In view of this deplorable state of affairs in our water sector, I thus recommend that this Honorable Chamber, Mr. Speaker, immediately call upon and begin mobilizing the Commission on Audit to commence a fullblown legal and transactional audit of our MWSS concession system. Here, today, I recommend that we trigger that long-awaited chain of legal events so we can put an end to this systematic abuse by the Concessionaires and complicit officers of the MWSS, including their so-called Regulatory Office.

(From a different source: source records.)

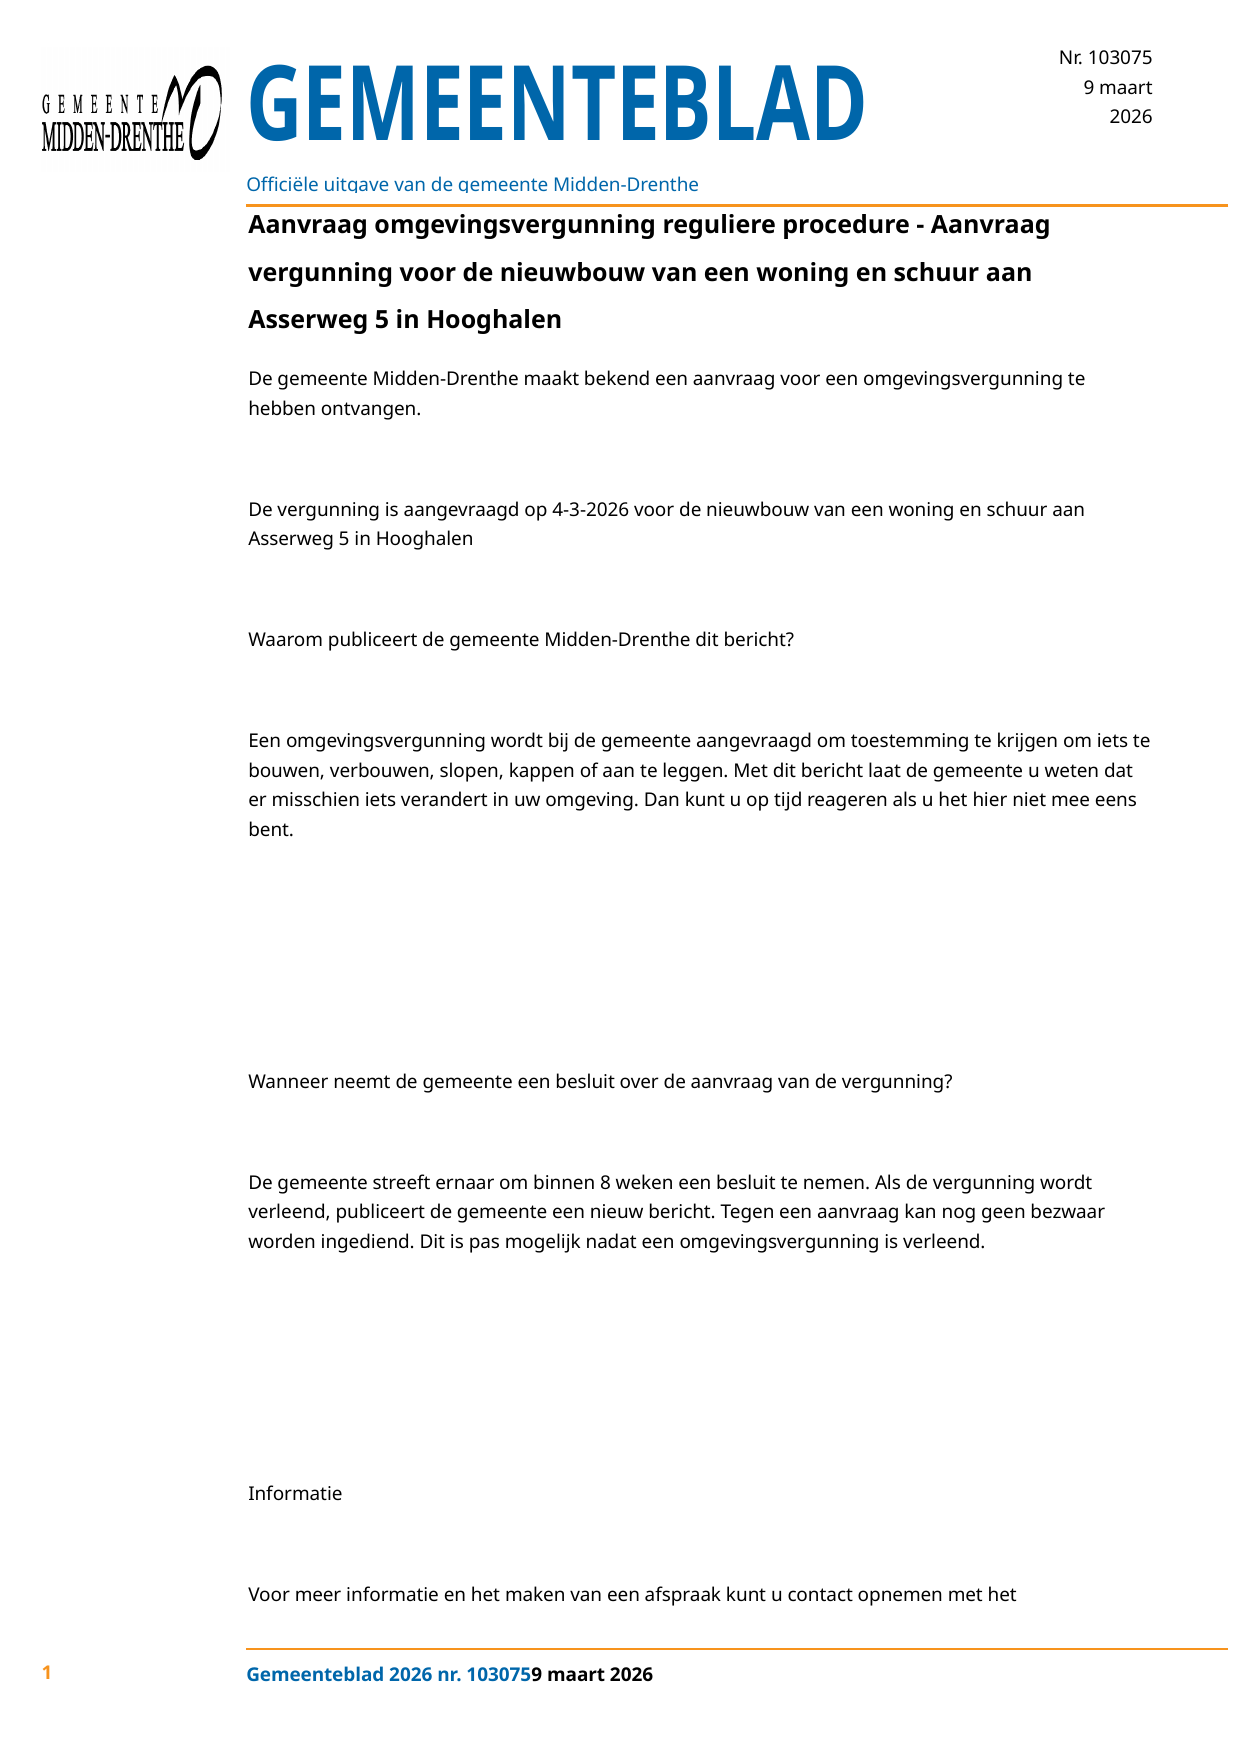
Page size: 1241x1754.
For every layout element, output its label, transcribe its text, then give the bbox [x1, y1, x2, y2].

text De gemeente streeft ernaar om binnen 8 weken een besluit te nemen. Als de vergunning wordt verleend, publiceert de gemeente een nieuw bericht. Tegen een aanvraag kan nog geen bezwaar worden ingediend. Dit is pas mogelijk nadat een omgevingsvergunning is verleend. [248, 1169, 1152, 1254]
text Aanvraag omgevingsvergunning reguliere procedure - Aanvraag vergunning voor de nieuwbouw van een woning en schuur aan Asserweg 5 in Hooghalen [248, 207, 1152, 336]
text Een omgevingsvergunning wordt bij de gemeente aangevraagd om toestemming te krijgen om iets te bouwen, verbouwen, slopen, kappen of aan te leggen. Met dit bericht laat de gemeente u weten dat er misschien iets verandert in uw omgeving. Dan kunt u op tijd reageren als u het hier niet mee eens bent. [248, 727, 1152, 842]
text Wanneer neemt de gemeente een besluit over de aanvraag van de vergunning? [248, 1068, 1152, 1094]
text Voor meer informatie en het maken van een afspraak kunt u contact opnemen met het [248, 1581, 1152, 1607]
text De vergunning is aangevraagd op 4-3-2026 voor de nieuwbouw van een woning en schuur aan Asserweg 5 in Hooghalen [248, 496, 1152, 551]
picture [41, 47, 231, 172]
text De gemeente Midden-Drenthe maakt bekend een aanvraag voor een omgevingsvergunning te hebben ontvangen. [248, 366, 1152, 421]
text Informatie [248, 1480, 1152, 1506]
text Waarom publiceert de gemeente Midden-Drenthe dit bericht? [248, 626, 1152, 652]

In particular, Mr. Speaker, I recommend that we continue and complete our Committee hearings in aid of legislation within six (6) months, because although these proceedings have given us a good deal of information, much remains to be seen.

I recommend that we ask the COA to make a full audit, not just of MWSS, but also of the 2 concessionaires and declare them as public utilities. This is a move which, as you will expect, will likely be resisted by the respondents. I hold in my hands constitutional doctrine and Supreme Court cases which will bring confidence to our friends at the COA that they will be doing only that which is expected of them, and no more. This audit should commence immediately, with all the dispatch and due diligence expected of anyone who acts in the name of moral right, which, to me, can be even greater than the formalism of constitutional duty.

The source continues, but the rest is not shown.